[[ Dataset records, beginning ]]

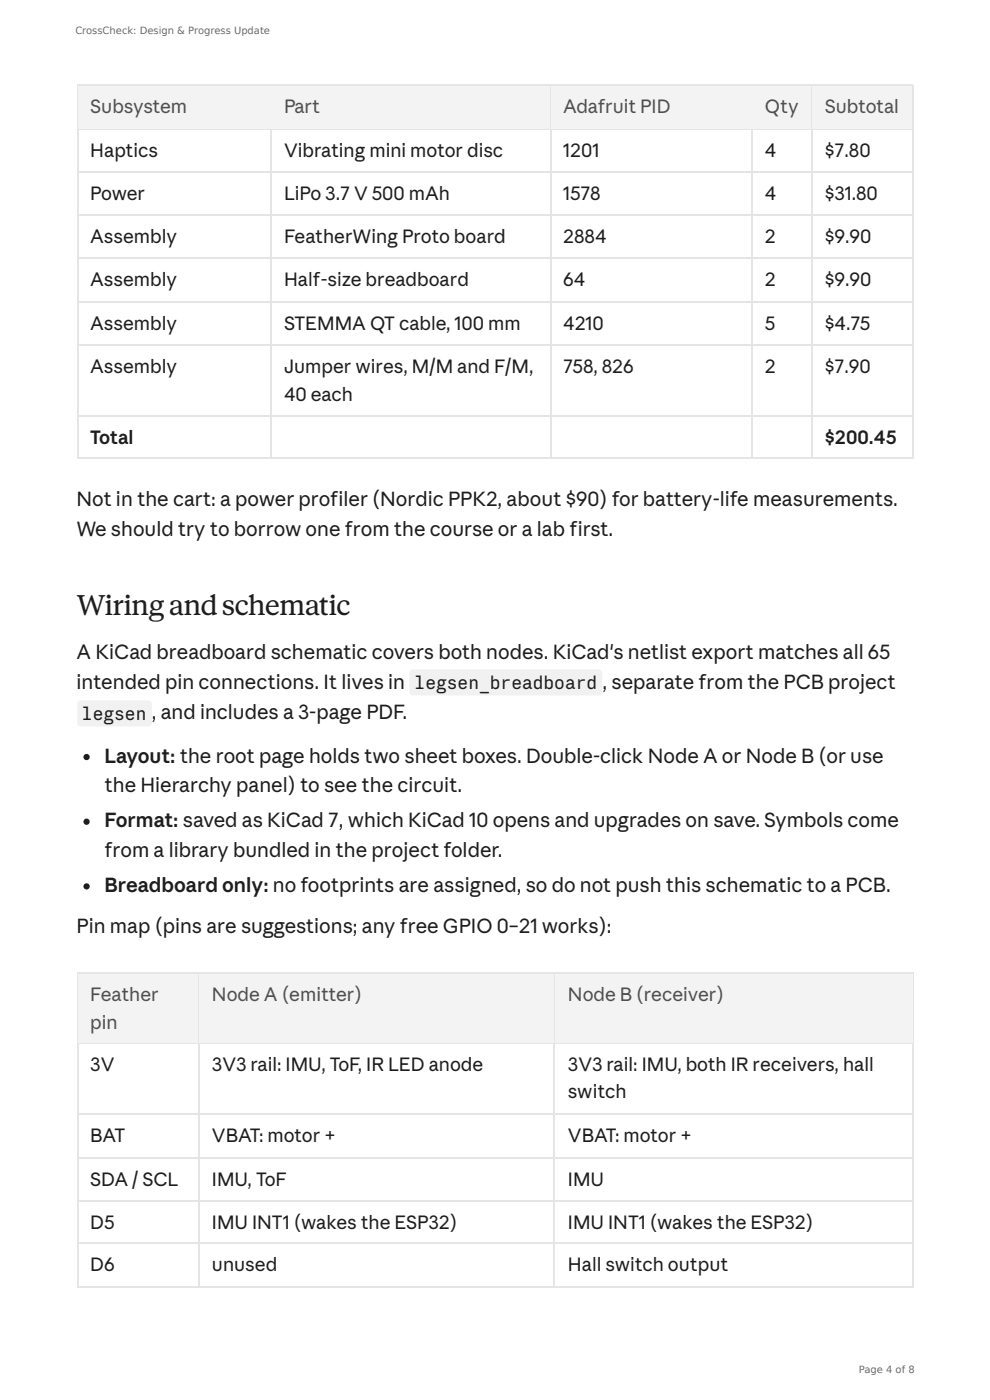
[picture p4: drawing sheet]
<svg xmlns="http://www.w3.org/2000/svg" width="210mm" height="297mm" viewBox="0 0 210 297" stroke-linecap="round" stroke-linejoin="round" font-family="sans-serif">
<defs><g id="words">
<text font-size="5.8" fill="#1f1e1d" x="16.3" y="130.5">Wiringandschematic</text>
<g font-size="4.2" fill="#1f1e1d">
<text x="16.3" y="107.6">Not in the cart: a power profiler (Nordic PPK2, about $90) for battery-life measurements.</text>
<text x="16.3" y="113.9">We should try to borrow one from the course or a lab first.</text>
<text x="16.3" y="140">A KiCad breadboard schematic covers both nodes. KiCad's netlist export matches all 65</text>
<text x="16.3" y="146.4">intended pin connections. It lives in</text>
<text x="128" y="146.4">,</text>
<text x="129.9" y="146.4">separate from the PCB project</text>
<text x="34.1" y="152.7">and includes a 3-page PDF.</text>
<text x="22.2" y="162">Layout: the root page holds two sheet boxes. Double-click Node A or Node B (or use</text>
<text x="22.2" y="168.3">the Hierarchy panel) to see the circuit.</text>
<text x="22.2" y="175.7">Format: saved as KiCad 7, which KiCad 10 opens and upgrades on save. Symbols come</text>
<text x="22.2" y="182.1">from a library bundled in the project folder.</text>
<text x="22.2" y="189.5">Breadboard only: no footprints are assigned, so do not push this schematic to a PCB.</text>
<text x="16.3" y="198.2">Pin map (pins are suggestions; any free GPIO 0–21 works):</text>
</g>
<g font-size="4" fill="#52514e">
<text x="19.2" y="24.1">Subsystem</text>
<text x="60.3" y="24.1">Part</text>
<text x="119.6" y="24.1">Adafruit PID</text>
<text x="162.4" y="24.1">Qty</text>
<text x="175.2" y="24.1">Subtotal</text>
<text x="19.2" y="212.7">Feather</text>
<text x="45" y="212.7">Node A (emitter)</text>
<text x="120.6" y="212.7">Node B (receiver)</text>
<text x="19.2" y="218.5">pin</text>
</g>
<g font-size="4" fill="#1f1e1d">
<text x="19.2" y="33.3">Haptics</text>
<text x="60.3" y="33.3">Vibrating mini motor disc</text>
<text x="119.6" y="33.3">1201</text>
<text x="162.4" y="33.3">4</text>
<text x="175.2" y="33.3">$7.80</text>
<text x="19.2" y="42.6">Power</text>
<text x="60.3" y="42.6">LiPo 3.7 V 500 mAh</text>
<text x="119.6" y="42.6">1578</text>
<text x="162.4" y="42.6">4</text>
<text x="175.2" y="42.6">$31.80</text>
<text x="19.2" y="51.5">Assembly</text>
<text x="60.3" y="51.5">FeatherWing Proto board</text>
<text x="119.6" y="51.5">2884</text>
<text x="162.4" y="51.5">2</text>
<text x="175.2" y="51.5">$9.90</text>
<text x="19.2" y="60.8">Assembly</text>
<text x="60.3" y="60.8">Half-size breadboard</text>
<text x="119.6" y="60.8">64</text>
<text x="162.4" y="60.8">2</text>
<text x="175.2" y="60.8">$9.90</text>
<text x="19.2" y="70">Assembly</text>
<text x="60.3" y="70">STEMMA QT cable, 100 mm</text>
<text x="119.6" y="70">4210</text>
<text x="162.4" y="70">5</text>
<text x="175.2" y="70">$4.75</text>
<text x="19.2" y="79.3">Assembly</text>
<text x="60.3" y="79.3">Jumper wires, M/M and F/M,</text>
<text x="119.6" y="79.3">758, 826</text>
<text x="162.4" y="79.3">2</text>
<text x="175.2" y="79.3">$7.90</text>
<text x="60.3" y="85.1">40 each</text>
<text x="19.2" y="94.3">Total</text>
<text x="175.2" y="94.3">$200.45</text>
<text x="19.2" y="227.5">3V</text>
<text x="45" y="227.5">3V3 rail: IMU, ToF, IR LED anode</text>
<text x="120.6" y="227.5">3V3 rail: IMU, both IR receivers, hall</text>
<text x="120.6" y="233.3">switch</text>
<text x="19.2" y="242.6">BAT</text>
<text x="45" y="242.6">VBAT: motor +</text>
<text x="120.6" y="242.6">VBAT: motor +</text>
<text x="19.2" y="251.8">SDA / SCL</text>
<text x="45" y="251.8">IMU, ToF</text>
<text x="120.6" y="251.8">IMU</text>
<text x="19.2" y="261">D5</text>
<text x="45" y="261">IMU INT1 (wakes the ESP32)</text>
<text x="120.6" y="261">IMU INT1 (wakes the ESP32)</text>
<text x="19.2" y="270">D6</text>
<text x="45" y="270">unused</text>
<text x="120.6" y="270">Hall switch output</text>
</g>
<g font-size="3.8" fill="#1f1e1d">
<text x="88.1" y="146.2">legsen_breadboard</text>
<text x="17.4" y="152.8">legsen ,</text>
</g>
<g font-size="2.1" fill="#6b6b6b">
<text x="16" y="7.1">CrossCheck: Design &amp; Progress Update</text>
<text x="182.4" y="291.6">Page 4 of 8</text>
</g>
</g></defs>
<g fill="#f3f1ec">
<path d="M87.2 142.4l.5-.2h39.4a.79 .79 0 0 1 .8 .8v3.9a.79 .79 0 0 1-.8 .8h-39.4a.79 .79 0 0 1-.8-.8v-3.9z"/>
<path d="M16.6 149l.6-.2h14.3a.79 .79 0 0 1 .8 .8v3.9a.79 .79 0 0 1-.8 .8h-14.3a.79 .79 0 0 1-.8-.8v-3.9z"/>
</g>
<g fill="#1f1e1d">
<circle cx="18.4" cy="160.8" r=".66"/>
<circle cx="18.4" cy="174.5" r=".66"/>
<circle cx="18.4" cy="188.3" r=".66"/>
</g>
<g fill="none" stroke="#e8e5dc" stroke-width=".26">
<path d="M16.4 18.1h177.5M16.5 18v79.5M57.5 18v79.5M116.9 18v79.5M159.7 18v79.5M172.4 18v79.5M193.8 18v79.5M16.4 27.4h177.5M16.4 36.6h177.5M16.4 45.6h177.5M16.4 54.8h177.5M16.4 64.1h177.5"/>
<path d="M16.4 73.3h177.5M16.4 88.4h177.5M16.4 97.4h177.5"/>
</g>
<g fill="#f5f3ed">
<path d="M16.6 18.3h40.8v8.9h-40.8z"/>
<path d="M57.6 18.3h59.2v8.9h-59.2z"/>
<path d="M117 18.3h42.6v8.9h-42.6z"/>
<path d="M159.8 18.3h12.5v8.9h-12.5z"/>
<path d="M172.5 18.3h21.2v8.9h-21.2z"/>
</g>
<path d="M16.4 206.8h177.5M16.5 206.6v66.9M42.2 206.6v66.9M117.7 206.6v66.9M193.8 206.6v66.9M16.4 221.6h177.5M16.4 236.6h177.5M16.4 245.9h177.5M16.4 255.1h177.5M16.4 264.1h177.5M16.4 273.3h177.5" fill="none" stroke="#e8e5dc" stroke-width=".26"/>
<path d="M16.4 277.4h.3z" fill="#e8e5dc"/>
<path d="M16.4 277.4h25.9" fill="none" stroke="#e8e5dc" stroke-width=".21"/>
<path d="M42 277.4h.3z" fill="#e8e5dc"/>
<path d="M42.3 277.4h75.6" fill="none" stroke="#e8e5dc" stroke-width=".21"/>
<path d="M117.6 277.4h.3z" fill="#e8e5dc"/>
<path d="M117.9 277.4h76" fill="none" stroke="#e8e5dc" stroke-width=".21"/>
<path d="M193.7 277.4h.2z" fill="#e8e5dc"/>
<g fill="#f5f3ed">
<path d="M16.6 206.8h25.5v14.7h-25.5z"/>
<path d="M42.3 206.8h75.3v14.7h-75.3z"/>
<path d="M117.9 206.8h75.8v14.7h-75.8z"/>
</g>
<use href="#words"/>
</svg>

[[ Dataset records, end ]]

Write out the whole listing again, exactly, with no pictures.

Answer to this problem:
[picture p4: drawing sheet]
<svg xmlns="http://www.w3.org/2000/svg" width="210mm" height="297mm" viewBox="0 0 210 297" stroke-linecap="round" stroke-linejoin="round" font-family="sans-serif">
<defs><g id="words">
<text font-size="5.8" fill="#1f1e1d" x="16.3" y="130.5">Wiringandschematic</text>
<g font-size="4.2" fill="#1f1e1d">
<text x="16.3" y="107.6">Not in the cart: a power profiler (Nordic PPK2, about $90) for battery-life measurements.</text>
<text x="16.3" y="113.9">We should try to borrow one from the course or a lab first.</text>
<text x="16.3" y="140">A KiCad breadboard schematic covers both nodes. KiCad's netlist export matches all 65</text>
<text x="16.3" y="146.4">intended pin connections. It lives in</text>
<text x="128" y="146.4">,</text>
<text x="129.9" y="146.4">separate from the PCB project</text>
<text x="34.1" y="152.7">and includes a 3-page PDF.</text>
<text x="22.2" y="162">Layout: the root page holds two sheet boxes. Double-click Node A or Node B (or use</text>
<text x="22.2" y="168.3">the Hierarchy panel) to see the circuit.</text>
<text x="22.2" y="175.7">Format: saved as KiCad 7, which KiCad 10 opens and upgrades on save. Symbols come</text>
<text x="22.2" y="182.1">from a library bundled in the project folder.</text>
<text x="22.2" y="189.5">Breadboard only: no footprints are assigned, so do not push this schematic to a PCB.</text>
<text x="16.3" y="198.2">Pin map (pins are suggestions; any free GPIO 0–21 works):</text>
</g>
<g font-size="4" fill="#52514e">
<text x="19.2" y="24.1">Subsystem</text>
<text x="60.3" y="24.1">Part</text>
<text x="119.6" y="24.1">Adafruit PID</text>
<text x="162.4" y="24.1">Qty</text>
<text x="175.2" y="24.1">Subtotal</text>
<text x="19.2" y="212.7">Feather</text>
<text x="45" y="212.7">Node A (emitter)</text>
<text x="120.6" y="212.7">Node B (receiver)</text>
<text x="19.2" y="218.5">pin</text>
</g>
<g font-size="4" fill="#1f1e1d">
<text x="19.2" y="33.3">Haptics</text>
<text x="60.3" y="33.3">Vibrating mini motor disc</text>
<text x="119.6" y="33.3">1201</text>
<text x="162.4" y="33.3">4</text>
<text x="175.2" y="33.3">$7.80</text>
<text x="19.2" y="42.6">Power</text>
<text x="60.3" y="42.6">LiPo 3.7 V 500 mAh</text>
<text x="119.6" y="42.6">1578</text>
<text x="162.4" y="42.6">4</text>
<text x="175.2" y="42.6">$31.80</text>
<text x="19.2" y="51.5">Assembly</text>
<text x="60.3" y="51.5">FeatherWing Proto board</text>
<text x="119.6" y="51.5">2884</text>
<text x="162.4" y="51.5">2</text>
<text x="175.2" y="51.5">$9.90</text>
<text x="19.2" y="60.8">Assembly</text>
<text x="60.3" y="60.8">Half-size breadboard</text>
<text x="119.6" y="60.8">64</text>
<text x="162.4" y="60.8">2</text>
<text x="175.2" y="60.8">$9.90</text>
<text x="19.2" y="70">Assembly</text>
<text x="60.3" y="70">STEMMA QT cable, 100 mm</text>
<text x="119.6" y="70">4210</text>
<text x="162.4" y="70">5</text>
<text x="175.2" y="70">$4.75</text>
<text x="19.2" y="79.3">Assembly</text>
<text x="60.3" y="79.3">Jumper wires, M/M and F/M,</text>
<text x="119.6" y="79.3">758, 826</text>
<text x="162.4" y="79.3">2</text>
<text x="175.2" y="79.3">$7.90</text>
<text x="60.3" y="85.1">40 each</text>
<text x="19.2" y="94.3">Total</text>
<text x="175.2" y="94.3">$200.45</text>
<text x="19.2" y="227.5">3V</text>
<text x="45" y="227.5">3V3 rail: IMU, ToF, IR LED anode</text>
<text x="120.6" y="227.5">3V3 rail: IMU, both IR receivers, hall</text>
<text x="120.6" y="233.3">switch</text>
<text x="19.2" y="242.6">BAT</text>
<text x="45" y="242.6">VBAT: motor +</text>
<text x="120.6" y="242.6">VBAT: motor +</text>
<text x="19.2" y="251.8">SDA / SCL</text>
<text x="45" y="251.8">IMU, ToF</text>
<text x="120.6" y="251.8">IMU</text>
<text x="19.2" y="261">D5</text>
<text x="45" y="261">IMU INT1 (wakes the ESP32)</text>
<text x="120.6" y="261">IMU INT1 (wakes the ESP32)</text>
<text x="19.2" y="270">D6</text>
<text x="45" y="270">unused</text>
<text x="120.6" y="270">Hall switch output</text>
</g>
<g font-size="3.8" fill="#1f1e1d">
<text x="88.1" y="146.2">legsen_breadboard</text>
<text x="17.4" y="152.8">legsen ,</text>
</g>
<g font-size="2.1" fill="#6b6b6b">
<text x="16" y="7.1">CrossCheck: Design &amp; Progress Update</text>
<text x="182.4" y="291.6">Page 4 of 8</text>
</g>
</g></defs>
<g fill="#f3f1ec">
<path d="M87.2 142.4l.5-.2h39.4a.79 .79 0 0 1 .8 .8v3.9a.79 .79 0 0 1-.8 .8h-39.4a.79 .79 0 0 1-.8-.8v-3.9z"/>
<path d="M16.6 149l.6-.2h14.3a.79 .79 0 0 1 .8 .8v3.9a.79 .79 0 0 1-.8 .8h-14.3a.79 .79 0 0 1-.8-.8v-3.9z"/>
</g>
<g fill="#1f1e1d">
<circle cx="18.4" cy="160.8" r=".66"/>
<circle cx="18.4" cy="174.5" r=".66"/>
<circle cx="18.4" cy="188.3" r=".66"/>
</g>
<g fill="none" stroke="#e8e5dc" stroke-width=".26">
<path d="M16.4 18.1h177.5M16.5 18v79.5M57.5 18v79.5M116.9 18v79.5M159.7 18v79.5M172.4 18v79.5M193.8 18v79.5M16.4 27.4h177.5M16.4 36.6h177.5M16.4 45.6h177.5M16.4 54.8h177.5M16.4 64.1h177.5"/>
<path d="M16.4 73.3h177.5M16.4 88.4h177.5M16.4 97.4h177.5"/>
</g>
<g fill="#f5f3ed">
<path d="M16.6 18.3h40.8v8.9h-40.8z"/>
<path d="M57.6 18.3h59.2v8.9h-59.2z"/>
<path d="M117 18.3h42.6v8.9h-42.6z"/>
<path d="M159.8 18.3h12.5v8.9h-12.5z"/>
<path d="M172.5 18.3h21.2v8.9h-21.2z"/>
</g>
<path d="M16.4 206.8h177.5M16.5 206.6v66.9M42.2 206.6v66.9M117.7 206.6v66.9M193.8 206.6v66.9M16.4 221.6h177.5M16.4 236.6h177.5M16.4 245.9h177.5M16.4 255.1h177.5M16.4 264.1h177.5M16.4 273.3h177.5" fill="none" stroke="#e8e5dc" stroke-width=".26"/>
<path d="M16.4 277.4h.3z" fill="#e8e5dc"/>
<path d="M16.4 277.4h25.9" fill="none" stroke="#e8e5dc" stroke-width=".21"/>
<path d="M42 277.4h.3z" fill="#e8e5dc"/>
<path d="M42.3 277.4h75.6" fill="none" stroke="#e8e5dc" stroke-width=".21"/>
<path d="M117.6 277.4h.3z" fill="#e8e5dc"/>
<path d="M117.9 277.4h76" fill="none" stroke="#e8e5dc" stroke-width=".21"/>
<path d="M193.7 277.4h.2z" fill="#e8e5dc"/>
<g fill="#f5f3ed">
<path d="M16.6 206.8h25.5v14.7h-25.5z"/>
<path d="M42.3 206.8h75.3v14.7h-75.3z"/>
<path d="M117.9 206.8h75.8v14.7h-75.8z"/>
</g>
<use href="#words"/>
</svg>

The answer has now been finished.